Rome, Italy - The Italian government summoned the Afghan ambassador to Rome on Tuesday to express its concern over reports that a man in Afghanistan faces the death penalty because he has converted to Christianity.
Foreign Minister Gianfranco Fini said if the reports proved true, Italy would raise the issue with European Union leaders in an effort to save the man.
An Afghan judge said on Sunday police had detained a man, Abdur Rahman, for converting from Islam to Christianity, adding he could face the death penalty if he refused to become a Muslim again.
"If this news is confirmed, Italy will move at the highest level ... to prevent something which is incompatible with the defence of human rights and fundamental freedoms," a Foreign Ministry statement said.
The statement added that the Italian ambassador in Kabul would contact Afghan authorities to seek an explanation and was also in touch with other EU diplomats in the country.
Former Italian President Francesco Cossiga has written an open letter to Prime Minister Silvio Berlusconi urging him to withdraw Italian troops from Afghanistan if he fails to win assurances from Kabul over Rahman's safety.
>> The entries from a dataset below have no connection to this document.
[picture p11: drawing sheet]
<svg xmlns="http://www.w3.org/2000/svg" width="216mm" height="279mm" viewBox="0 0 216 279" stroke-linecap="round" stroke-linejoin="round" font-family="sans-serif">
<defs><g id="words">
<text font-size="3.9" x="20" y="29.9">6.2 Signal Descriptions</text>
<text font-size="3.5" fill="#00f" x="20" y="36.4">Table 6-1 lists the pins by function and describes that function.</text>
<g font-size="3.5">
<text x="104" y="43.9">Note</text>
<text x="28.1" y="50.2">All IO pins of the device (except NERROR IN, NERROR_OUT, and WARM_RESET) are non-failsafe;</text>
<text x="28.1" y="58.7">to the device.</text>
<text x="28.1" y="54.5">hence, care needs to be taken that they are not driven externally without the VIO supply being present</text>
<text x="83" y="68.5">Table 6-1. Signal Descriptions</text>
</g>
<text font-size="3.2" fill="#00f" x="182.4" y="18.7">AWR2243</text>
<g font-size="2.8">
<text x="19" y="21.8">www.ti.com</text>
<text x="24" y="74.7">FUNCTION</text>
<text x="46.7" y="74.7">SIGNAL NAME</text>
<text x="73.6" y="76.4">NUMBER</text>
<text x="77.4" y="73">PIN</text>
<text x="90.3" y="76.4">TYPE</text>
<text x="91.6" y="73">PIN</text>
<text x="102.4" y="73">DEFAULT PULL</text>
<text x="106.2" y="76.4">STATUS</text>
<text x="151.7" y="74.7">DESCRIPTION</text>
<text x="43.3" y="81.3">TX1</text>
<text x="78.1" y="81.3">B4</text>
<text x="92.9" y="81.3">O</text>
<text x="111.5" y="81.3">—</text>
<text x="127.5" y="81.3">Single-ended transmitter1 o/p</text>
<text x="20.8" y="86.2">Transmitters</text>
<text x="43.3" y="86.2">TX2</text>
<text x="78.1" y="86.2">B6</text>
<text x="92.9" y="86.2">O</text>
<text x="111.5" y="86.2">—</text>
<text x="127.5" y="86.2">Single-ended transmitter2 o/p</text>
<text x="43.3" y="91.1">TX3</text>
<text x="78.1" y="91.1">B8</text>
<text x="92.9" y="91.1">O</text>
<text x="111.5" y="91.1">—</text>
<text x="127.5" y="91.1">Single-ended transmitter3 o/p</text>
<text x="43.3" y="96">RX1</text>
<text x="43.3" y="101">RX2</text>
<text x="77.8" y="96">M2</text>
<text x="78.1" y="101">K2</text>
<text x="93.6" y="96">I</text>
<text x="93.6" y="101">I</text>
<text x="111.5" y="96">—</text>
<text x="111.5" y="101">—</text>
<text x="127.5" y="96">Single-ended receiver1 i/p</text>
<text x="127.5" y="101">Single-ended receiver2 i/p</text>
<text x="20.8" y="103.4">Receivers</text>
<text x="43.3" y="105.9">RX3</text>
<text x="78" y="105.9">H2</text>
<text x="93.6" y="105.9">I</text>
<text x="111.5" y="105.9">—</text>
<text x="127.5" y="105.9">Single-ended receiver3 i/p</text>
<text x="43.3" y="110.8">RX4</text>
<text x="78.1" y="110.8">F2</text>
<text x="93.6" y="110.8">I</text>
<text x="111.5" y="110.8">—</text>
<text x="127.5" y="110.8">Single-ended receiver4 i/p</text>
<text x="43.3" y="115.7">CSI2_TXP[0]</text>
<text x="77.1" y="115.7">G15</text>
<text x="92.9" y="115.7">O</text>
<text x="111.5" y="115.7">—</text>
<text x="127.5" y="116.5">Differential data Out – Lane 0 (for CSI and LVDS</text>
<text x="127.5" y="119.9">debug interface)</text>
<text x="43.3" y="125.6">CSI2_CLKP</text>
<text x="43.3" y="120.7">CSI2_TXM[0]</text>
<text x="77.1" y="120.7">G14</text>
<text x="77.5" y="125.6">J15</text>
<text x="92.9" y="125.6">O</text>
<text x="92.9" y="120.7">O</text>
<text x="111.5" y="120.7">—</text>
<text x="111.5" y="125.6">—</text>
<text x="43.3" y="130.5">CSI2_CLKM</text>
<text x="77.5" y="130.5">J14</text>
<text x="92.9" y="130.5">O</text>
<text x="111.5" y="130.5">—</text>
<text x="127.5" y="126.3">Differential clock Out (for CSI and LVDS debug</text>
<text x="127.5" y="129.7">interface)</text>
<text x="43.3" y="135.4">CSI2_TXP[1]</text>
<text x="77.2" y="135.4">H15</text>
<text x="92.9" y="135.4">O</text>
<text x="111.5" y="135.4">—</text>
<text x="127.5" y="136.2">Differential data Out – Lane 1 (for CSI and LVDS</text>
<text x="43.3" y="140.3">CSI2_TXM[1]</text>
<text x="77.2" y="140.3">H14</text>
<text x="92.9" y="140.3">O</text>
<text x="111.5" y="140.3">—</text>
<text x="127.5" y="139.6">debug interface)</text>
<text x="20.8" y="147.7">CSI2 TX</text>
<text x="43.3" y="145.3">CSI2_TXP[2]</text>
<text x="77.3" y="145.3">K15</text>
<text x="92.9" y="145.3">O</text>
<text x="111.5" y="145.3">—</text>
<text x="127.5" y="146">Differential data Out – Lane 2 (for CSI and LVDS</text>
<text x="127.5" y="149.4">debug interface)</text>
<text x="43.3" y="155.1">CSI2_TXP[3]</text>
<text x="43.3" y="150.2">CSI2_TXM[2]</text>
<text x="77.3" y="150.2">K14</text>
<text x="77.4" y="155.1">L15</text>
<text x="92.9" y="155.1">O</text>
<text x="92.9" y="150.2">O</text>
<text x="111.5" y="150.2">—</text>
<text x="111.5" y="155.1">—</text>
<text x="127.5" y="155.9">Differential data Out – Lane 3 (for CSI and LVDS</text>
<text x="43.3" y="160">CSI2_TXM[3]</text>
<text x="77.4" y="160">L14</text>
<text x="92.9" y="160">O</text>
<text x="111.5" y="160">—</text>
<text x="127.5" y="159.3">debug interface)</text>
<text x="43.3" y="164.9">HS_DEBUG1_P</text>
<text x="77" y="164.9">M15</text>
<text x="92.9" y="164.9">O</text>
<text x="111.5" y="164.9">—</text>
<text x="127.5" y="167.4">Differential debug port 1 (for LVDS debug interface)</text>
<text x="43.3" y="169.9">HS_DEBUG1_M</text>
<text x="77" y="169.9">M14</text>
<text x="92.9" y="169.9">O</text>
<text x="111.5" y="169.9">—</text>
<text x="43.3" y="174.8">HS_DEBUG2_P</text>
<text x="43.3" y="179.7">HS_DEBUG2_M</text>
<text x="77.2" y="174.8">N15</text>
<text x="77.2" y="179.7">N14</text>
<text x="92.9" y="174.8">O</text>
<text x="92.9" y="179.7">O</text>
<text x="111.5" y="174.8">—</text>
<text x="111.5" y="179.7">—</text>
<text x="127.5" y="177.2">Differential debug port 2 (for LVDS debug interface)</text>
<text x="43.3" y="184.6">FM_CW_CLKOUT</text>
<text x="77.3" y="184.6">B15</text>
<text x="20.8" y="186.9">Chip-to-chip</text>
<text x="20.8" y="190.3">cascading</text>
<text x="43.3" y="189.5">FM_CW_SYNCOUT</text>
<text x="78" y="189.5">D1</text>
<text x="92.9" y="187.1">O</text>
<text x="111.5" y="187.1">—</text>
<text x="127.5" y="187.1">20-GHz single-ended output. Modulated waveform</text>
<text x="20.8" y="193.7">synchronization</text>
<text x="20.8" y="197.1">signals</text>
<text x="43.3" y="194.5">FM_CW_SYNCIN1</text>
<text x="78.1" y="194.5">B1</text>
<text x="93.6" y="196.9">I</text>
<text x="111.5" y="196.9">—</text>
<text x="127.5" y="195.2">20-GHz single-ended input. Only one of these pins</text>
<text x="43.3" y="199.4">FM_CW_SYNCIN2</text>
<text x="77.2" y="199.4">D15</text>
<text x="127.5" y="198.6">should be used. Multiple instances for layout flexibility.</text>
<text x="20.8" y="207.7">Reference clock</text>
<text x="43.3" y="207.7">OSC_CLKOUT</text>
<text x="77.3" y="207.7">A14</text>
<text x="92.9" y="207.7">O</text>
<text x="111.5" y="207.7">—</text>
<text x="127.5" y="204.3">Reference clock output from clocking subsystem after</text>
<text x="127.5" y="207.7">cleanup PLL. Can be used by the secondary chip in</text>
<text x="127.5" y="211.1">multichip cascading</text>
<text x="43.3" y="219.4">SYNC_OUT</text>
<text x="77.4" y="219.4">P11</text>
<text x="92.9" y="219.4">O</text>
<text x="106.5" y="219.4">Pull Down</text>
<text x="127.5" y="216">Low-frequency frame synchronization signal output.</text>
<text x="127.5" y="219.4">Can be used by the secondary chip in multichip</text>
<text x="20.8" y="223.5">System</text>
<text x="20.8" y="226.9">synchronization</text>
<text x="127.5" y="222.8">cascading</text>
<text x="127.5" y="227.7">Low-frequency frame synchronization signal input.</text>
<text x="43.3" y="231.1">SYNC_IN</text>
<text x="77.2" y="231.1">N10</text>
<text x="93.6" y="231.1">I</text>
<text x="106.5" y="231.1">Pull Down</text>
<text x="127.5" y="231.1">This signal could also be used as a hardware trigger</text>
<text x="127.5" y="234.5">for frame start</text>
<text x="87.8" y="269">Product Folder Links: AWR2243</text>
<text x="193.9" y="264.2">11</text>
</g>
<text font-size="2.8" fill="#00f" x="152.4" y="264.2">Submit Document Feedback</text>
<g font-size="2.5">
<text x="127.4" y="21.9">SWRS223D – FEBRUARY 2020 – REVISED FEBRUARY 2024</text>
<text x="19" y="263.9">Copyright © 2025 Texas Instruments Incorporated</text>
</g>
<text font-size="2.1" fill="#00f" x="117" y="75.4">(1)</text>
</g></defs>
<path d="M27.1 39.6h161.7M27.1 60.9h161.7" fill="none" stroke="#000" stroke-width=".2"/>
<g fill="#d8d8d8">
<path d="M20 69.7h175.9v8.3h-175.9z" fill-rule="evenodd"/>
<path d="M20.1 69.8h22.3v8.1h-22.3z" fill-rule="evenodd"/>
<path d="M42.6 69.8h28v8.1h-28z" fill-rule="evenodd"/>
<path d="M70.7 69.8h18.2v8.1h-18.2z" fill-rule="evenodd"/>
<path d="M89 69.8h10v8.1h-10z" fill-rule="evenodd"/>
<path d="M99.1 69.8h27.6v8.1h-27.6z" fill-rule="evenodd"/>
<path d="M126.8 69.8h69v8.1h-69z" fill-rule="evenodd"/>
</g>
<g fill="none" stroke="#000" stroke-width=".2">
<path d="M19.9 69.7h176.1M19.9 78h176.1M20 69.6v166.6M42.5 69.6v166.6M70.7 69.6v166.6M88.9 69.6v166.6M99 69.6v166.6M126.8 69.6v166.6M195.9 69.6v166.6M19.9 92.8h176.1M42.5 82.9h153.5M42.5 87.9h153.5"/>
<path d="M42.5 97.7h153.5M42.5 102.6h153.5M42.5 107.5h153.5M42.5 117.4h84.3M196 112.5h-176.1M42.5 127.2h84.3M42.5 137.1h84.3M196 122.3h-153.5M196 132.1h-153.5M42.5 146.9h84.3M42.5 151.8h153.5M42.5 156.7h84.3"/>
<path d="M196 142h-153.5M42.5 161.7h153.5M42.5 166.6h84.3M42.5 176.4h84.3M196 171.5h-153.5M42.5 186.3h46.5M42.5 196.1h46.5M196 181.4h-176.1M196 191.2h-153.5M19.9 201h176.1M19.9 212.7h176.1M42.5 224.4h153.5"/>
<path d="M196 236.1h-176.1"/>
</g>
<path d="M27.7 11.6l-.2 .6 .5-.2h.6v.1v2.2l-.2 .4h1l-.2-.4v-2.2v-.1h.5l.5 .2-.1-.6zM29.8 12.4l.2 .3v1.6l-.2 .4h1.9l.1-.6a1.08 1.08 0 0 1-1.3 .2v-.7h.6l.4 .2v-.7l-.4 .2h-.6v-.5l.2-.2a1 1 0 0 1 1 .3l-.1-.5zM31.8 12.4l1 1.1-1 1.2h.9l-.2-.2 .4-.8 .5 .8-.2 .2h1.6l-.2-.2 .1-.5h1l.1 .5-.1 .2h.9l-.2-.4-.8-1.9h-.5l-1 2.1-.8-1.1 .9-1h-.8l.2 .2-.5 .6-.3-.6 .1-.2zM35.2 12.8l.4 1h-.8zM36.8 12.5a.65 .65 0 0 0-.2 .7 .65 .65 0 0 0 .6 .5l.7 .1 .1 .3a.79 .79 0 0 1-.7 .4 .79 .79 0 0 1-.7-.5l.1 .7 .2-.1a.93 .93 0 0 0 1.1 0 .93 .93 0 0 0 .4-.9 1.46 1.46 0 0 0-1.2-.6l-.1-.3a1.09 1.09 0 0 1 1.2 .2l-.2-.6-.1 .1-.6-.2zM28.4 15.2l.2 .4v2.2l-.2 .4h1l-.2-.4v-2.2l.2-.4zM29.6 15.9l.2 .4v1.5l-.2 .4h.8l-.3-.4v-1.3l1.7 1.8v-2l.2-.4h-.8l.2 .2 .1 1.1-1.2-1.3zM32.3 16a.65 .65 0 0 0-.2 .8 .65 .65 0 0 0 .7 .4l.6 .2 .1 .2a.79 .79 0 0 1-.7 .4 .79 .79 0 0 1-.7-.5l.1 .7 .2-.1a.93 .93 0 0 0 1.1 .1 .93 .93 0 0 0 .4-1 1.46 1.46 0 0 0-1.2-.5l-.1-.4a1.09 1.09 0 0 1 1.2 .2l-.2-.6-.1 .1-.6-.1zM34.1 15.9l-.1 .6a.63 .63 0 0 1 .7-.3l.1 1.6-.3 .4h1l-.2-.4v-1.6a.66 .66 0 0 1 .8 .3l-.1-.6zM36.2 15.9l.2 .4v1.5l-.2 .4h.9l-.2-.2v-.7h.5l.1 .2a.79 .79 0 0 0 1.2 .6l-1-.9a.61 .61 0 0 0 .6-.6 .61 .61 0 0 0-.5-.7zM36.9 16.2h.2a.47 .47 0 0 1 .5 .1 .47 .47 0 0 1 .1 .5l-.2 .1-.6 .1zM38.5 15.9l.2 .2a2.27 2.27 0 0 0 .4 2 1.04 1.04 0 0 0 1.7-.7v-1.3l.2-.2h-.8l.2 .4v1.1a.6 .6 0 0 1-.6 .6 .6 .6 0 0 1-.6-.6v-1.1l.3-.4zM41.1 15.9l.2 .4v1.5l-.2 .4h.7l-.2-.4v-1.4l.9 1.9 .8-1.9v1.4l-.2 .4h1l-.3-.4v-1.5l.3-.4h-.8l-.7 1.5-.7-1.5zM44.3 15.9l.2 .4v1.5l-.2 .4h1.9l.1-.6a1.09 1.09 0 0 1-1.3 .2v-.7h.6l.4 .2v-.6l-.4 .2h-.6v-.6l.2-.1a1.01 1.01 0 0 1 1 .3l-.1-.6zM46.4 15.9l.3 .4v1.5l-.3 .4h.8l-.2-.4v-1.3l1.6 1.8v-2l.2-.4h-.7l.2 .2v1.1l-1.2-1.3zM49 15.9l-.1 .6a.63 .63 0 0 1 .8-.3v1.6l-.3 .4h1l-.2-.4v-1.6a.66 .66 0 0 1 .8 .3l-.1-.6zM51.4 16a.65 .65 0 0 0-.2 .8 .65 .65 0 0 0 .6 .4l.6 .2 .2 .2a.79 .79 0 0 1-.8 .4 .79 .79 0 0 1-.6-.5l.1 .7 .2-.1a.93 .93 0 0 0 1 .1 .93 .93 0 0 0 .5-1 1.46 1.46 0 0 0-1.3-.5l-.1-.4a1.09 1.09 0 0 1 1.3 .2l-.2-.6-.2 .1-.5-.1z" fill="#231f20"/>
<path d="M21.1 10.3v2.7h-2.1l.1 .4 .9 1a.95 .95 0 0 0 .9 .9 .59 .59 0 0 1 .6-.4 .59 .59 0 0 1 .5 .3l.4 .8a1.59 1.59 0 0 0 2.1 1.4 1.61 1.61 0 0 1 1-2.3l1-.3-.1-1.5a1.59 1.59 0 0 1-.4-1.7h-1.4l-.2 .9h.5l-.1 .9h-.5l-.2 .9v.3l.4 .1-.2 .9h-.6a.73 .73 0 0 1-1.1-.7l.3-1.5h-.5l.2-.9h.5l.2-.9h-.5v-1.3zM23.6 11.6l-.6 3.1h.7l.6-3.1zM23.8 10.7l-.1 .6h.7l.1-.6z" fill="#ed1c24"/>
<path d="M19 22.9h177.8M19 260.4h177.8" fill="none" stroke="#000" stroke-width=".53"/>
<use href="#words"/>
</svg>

"It is not acceptable that our soldiers should put themselves at risk or even sacrifice their life for a fundamentalist, illiberal regime," Cossiga wrote.
Roman Catholic Italy has some 1,775 troops deployed to Afghanistan, a conservative Islamic country where 99 percent of people are Muslim.
Islamic sharia law proposes the death sentence for Muslims who abandon the religion. Afghanistan's new constitution says "no law can be contrary to the sacred religion of Islam".
Emma Bonino, who headed an EU observer mission to Afghanistan for last year's legislative elections, said Italy had done well to ring the alarm bell.
"This episode is extremely worrying, not just because the possible victim is a Christian, but because it indicates the fragility of the Afghan institutions," she told reporters.